Book Launch Party with Dr Insa Koch

Hosted by the Department of Law

Weston Café, 6th floor, Saw Swee Hock Student Centre, LSE

Speakers

Dr Insa Koch

Assistant Professor of Law and Anthropology, Department of Law, LSE

Professor Nicola Lacey

School Professor of Law, Gender and Social Policy, Department of Law, LSE

Professor Deborah James

Professor, Department of Anthropology, LSE

Professor Tim Newburn

Professor of Criminology and Social Policy, Department of Social Policy, LSE

Join us in celebrating Dr Insa Koch's new book Personalizing the State: an anthropology of law, politics and welfare in austerity Britain.

Liberal democracy appears in crisis. From the rise of "law and order" and ever tougher forms of means-testing under "austerity politics" to the outcome of Britain's referendum on leaving the EU, commentators have rushed to explain the current conjuncture. Starting with dominant theories that have seen these developments as indicative of a rise in 'penal populism' or "popular authoritarianism", Personalizing the State revisits one of the central paradoxes of our times: the illiberal turn that liberal democracy has taken.

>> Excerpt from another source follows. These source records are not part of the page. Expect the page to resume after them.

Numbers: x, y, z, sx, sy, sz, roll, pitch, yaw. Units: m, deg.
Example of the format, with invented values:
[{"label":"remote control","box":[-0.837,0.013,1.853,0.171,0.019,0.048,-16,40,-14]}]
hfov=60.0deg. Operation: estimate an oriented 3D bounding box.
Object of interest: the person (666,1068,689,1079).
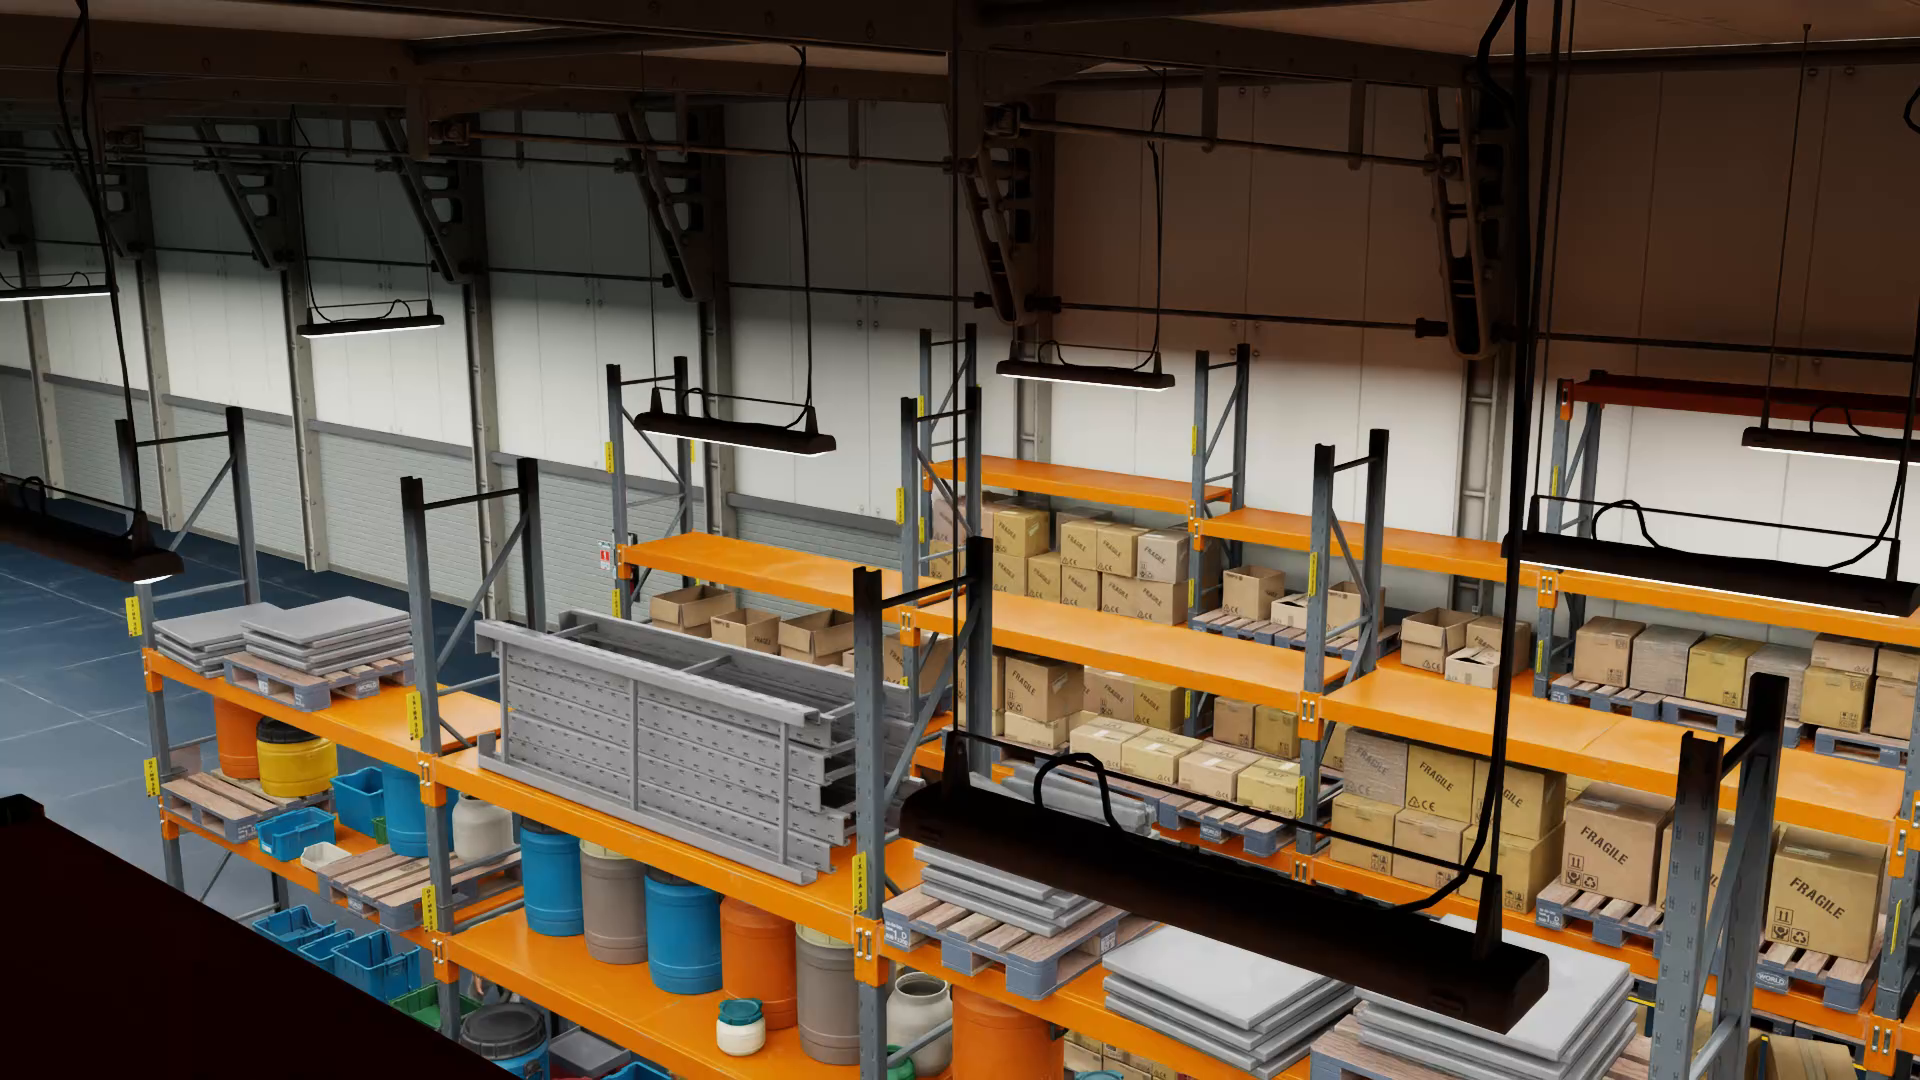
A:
[{"label":"person","box":[-2.082,4.382,13.106,0.513,1.621,1.025,-7,14,-28]}]

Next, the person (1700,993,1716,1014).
[{"label":"person","box":[5.838,4.352,13.178,1.021,1.627,0.470,9,16,36]}]

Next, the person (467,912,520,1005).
[{"label":"person","box":[-4.299,3.897,15.229,1.060,1.604,0.531,11,17,41]}]

This book goes to where much of the commentary has stopped short: to the lived experiences of citizens who inhabit some of Britain's most stigmatized urban neighborhoods, namely its council estates that were once built to house the working classes. Drawing on long-term ethnographic fieldwork, it moves the question from 'why' liberal democracy has taken a punitive turn to the "how" and the "what": to how citizens experience democracy in the first place and what grassroots understandings of politics and care they bring to their encounters with the state.

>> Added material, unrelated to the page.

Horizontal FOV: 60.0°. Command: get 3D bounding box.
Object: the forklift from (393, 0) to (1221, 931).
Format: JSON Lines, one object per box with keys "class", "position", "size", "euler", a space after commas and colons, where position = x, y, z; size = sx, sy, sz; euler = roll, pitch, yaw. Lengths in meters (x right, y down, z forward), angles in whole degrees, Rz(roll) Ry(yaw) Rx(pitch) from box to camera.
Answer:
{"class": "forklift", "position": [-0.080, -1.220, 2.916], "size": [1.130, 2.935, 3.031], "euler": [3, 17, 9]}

Personalizing the State challenges dominant narratives of exceptionalism that have portrayed the people as a threat to the democratic order. It reveals the murky, sometimes contradictory desires for a personalized state that cannot easily be collapsed with popular support for authoritarian interventions. These popular forms of engagement reflect, in turn, a longer history of state control exercised against working-class people. Above all, the book exposes the state's disavowal of its political and moral responsibilities at a time when mechanisms for collectivizing redistributive demands have been silenced.